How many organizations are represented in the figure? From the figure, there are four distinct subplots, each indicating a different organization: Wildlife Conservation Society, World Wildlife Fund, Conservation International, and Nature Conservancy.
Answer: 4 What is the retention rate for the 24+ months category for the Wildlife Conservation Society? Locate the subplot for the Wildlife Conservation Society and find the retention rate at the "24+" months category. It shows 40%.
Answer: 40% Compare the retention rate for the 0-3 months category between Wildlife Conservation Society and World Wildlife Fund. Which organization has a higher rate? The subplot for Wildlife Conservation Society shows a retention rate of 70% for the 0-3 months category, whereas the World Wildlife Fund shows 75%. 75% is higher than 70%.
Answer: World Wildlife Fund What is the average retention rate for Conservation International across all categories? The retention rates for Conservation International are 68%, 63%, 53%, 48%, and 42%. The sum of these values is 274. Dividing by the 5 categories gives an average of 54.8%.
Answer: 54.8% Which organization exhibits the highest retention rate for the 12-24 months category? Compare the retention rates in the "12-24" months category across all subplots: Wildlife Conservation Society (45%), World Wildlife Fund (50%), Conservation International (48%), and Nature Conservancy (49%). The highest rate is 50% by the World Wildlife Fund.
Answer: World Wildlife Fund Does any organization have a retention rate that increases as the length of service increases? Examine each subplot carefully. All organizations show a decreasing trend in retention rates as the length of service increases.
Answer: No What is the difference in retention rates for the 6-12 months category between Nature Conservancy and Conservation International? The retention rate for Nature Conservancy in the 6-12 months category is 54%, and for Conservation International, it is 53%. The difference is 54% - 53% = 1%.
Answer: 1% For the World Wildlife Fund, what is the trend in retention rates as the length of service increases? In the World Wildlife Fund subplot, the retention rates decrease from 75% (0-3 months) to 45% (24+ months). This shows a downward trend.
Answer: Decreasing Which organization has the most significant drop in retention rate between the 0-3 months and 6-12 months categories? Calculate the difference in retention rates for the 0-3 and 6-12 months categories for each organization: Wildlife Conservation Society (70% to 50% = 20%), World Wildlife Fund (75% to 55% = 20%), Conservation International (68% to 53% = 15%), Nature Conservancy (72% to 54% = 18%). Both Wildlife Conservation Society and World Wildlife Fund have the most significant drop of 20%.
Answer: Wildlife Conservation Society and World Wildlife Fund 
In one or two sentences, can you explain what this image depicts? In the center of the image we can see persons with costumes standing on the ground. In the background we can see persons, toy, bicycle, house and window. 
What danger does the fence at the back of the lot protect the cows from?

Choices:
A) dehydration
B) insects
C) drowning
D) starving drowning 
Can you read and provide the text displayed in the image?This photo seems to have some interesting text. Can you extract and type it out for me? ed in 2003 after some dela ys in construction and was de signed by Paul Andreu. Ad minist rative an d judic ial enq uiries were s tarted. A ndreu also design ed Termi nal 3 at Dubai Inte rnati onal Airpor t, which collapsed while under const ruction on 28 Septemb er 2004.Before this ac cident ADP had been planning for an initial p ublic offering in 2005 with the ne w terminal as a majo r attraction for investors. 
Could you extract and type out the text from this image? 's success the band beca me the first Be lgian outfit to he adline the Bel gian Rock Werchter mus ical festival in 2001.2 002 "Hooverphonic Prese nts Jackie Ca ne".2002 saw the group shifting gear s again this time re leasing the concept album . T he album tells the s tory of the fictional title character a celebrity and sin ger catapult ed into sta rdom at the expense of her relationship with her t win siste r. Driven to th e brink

-*-*-

Copy the records above faithfully. Begin at their first line, end at the line containing "Answer: No What", and include nothing else.

How many organizations are represented in the figure? From the figure, there are four distinct subplots, each indicating a different organization: Wildlife Conservation Society, World Wildlife Fund, Conservation International, and Nature Conservancy.
Answer: 4 What is the retention rate for the 24+ months category for the Wildlife Conservation Society? Locate the subplot for the Wildlife Conservation Society and find the retention rate at the "24+" months category. It shows 40%.
Answer: 40% Compare the retention rate for the 0-3 months category between Wildlife Conservation Society and World Wildlife Fund. Which organization has a higher rate? The subplot for Wildlife Conservation Society shows a retention rate of 70% for the 0-3 months category, whereas the World Wildlife Fund shows 75%. 75% is higher than 70%.
Answer: World Wildlife Fund What is the average retention rate for Conservation International across all categories? The retention rates for Conservation International are 68%, 63%, 53%, 48%, and 42%. The sum of these values is 274. Dividing by the 5 categories gives an average of 54.8%.
Answer: 54.8% Which organization exhibits the highest retention rate for the 12-24 months category? Compare the retention rates in the "12-24" months category across all subplots: Wildlife Conservation Society (45%), World Wildlife Fund (50%), Conservation International (48%), and Nature Conservancy (49%). The highest rate is 50% by the World Wildlife Fund.
Answer: World Wildlife Fund Does any organization have a retention rate that increases as the length of service increases? Examine each subplot carefully. All organizations show a decreasing trend in retention rates as the length of service increases.
Answer: No What is the difference in retention rates for the 6-12 months category between Nature Conservancy and Conservation International? The retention rate for Nature Conservancy in the 6-12 months category is 54%, and for Conservation International, it is 53%. The difference is 54% - 53% = 1%.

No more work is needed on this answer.